2. What the audits actually found about blockbuster datasets

Detailed reviews of corporate policies and a targeted audit of trials published in top journals report that many firms promise transparency in principle, but audits could not document systematic, publicly accessible release of full IPD for the high‑profile trials evaluated — the studies assessed were industry‑sponsored, recent at the time, and authors specifically could not confirm IPD availability two years after publication ^[1]. In short, the evidence in these peer‑reviewed audits supports the conclusion that policy rhetoric has outpaced observable data sharing for recent major trials ^{[1] [2]}.

3. Where data can and cannot be found: platforms and intermediaries

Some data are available via third‑party vendors and research service firms that aggregate and resell patient‑level commercial and real‑world datasets — companies such as IQVIA are explicit about providing patient‑level and prescription datasets to researchers and partners — but these offerings are proprietary commercial products, not the same as open publication of de‑identified IPD from specific randomized controlled trials of blockbuster drugs ^{[3] [4]}. Public linked datasets (DrugBank, ClinicalTrials.gov and others) increase discoverability of trial metadata, but they do not substitute for full participant‑level trial datasets released by sponsoring firms ^[5].

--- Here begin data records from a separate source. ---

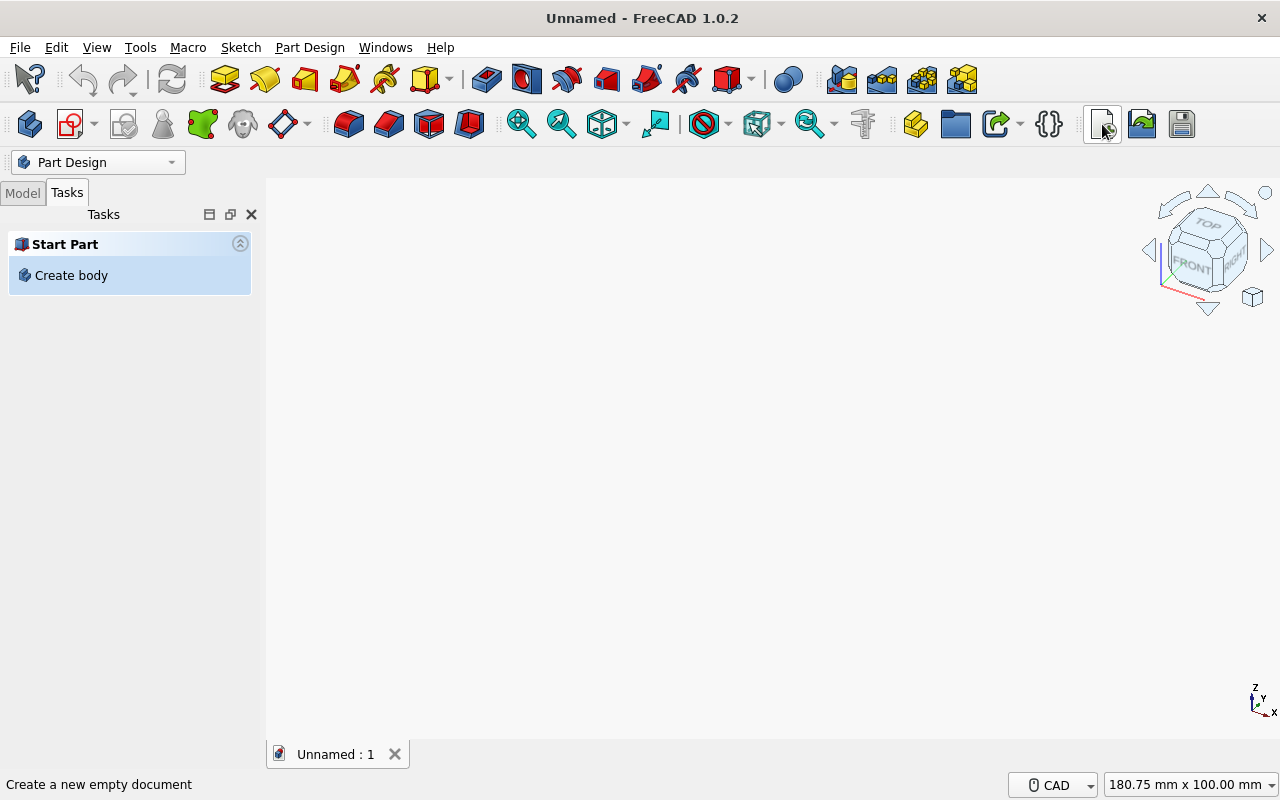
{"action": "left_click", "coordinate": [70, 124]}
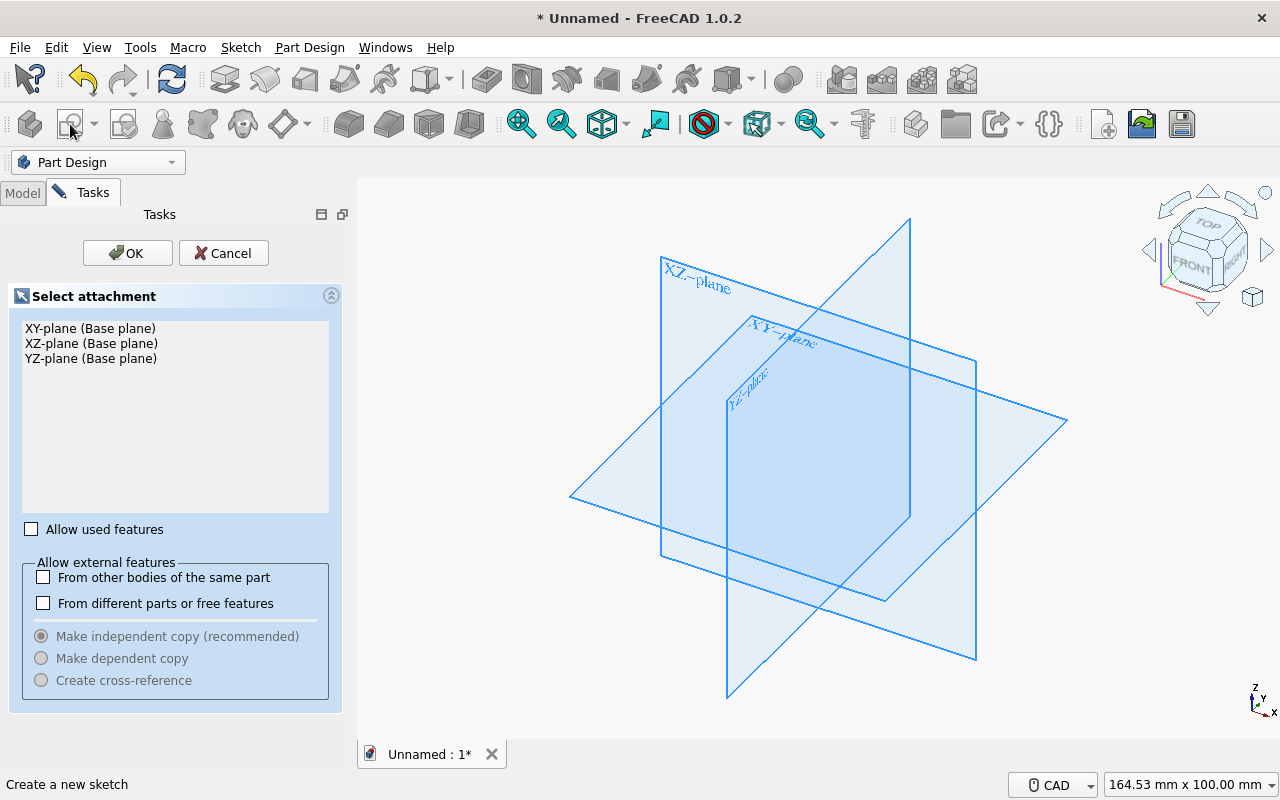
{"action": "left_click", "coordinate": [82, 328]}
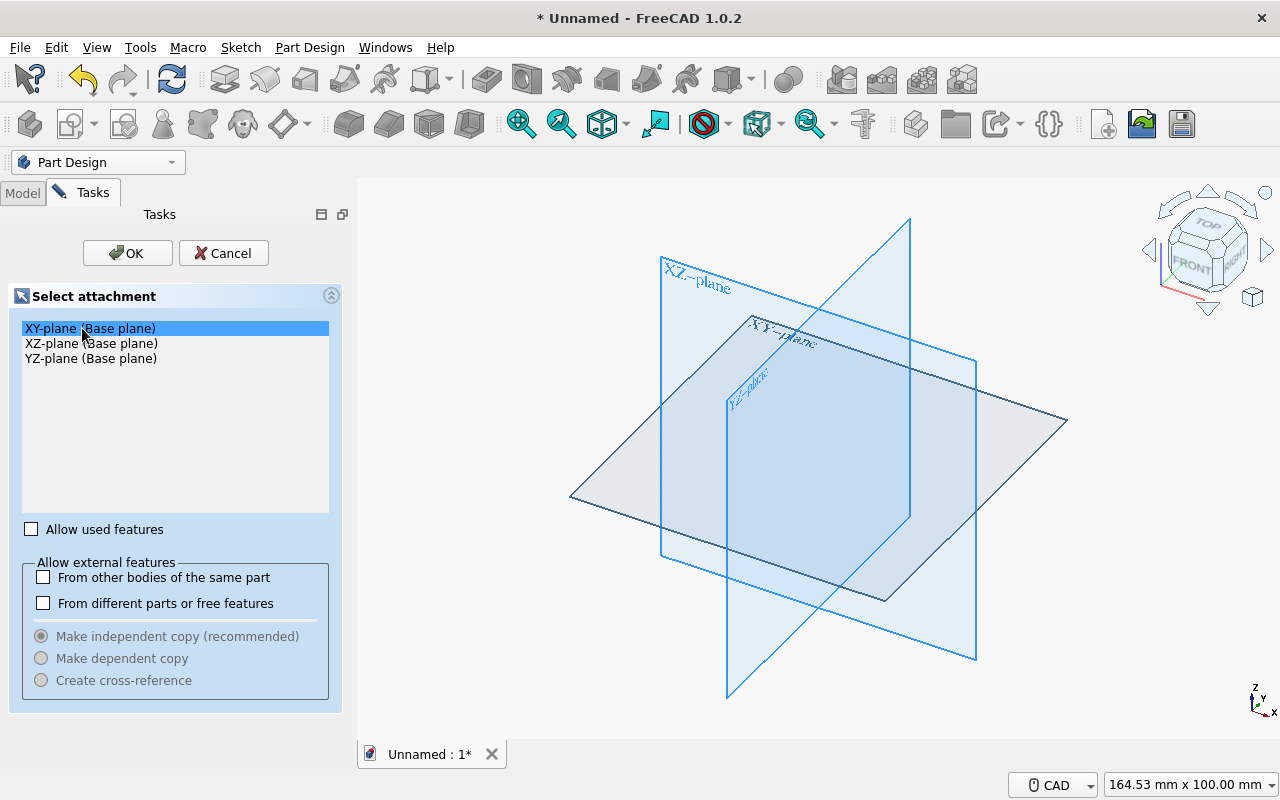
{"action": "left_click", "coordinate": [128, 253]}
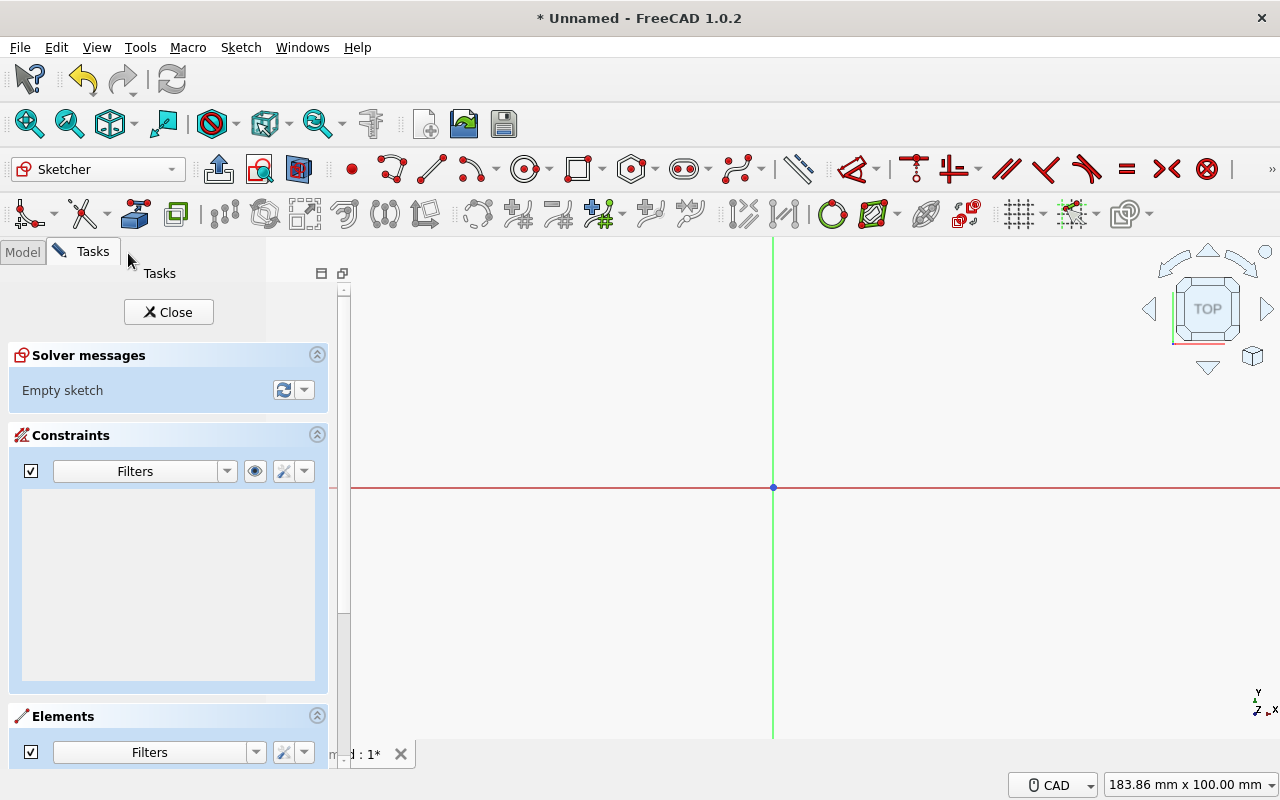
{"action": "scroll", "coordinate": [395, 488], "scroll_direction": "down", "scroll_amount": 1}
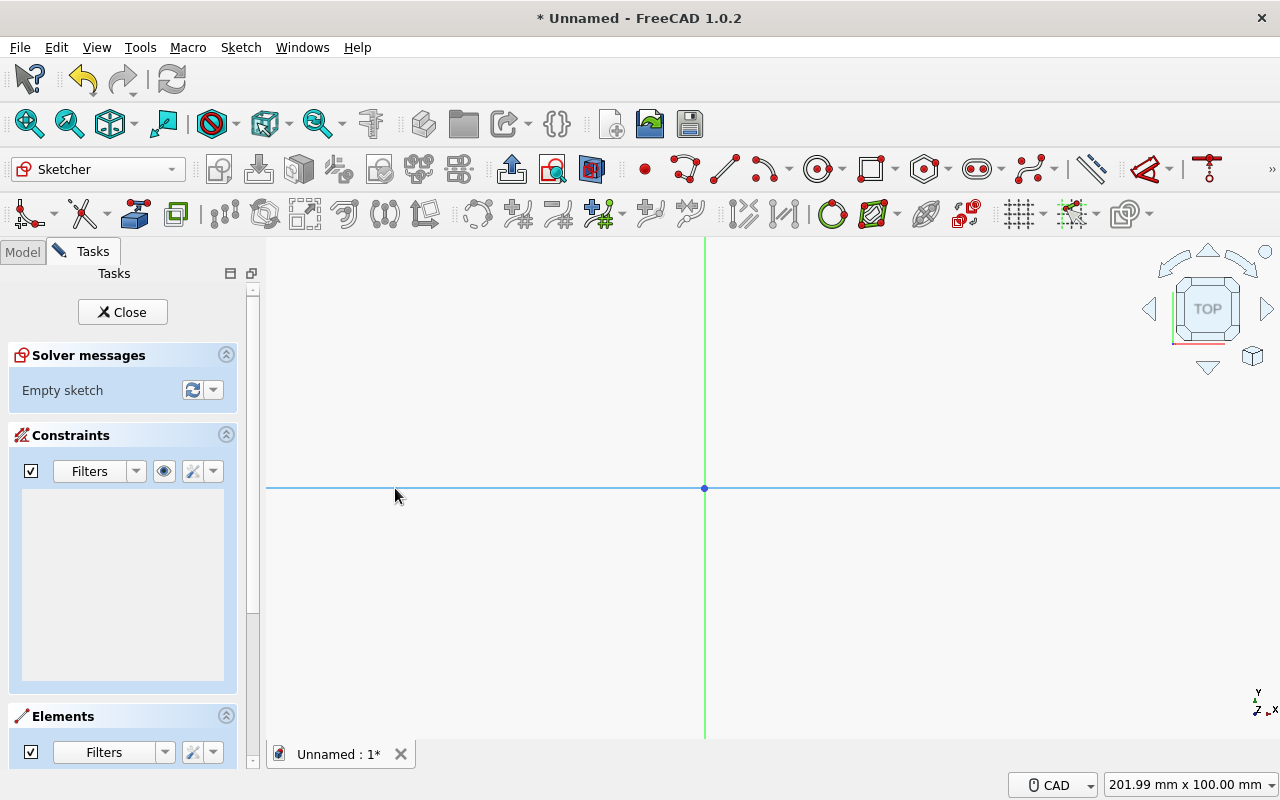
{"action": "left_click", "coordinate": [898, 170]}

4. Competing perspectives and incentives

Pharmaceutical companies and trade bodies argue that controlled access — data shared “upon request” to qualified researchers — balances patient privacy, regulatory obligations, and scientific verification; auditors counter that such conditional access often leaves independent verification impractical and non‑transparent ^{[1] [2]}. Hidden incentives are unavoidable: maintaining commercial advantage, legal risk management, and reputational control all push firms toward selective disclosure rather than blanket public releases, a dynamic underscored by audits finding ambiguous or limited commitments in company policies ^[2].

5. Bottom line and limits of available reporting

Based on the provided audits and industry reporting, there is no clear, documented list in these sources showing major pharmaceutical companies that have publicly published full individual participant datasets for recent blockbuster drugs; instead, the record shows policy pledges, selective or conditional access arrangements, and proprietary commercial data services — but not routine public posting of complete IPD for blockbuster trials ^{[1] [2] [3]}. This analysis is constrained by the scope of the cited audits and industry summaries; these sources document the gap between promise and practice but do not catalog every company’s actions beyond the samples they examined ^{[1] [2]}.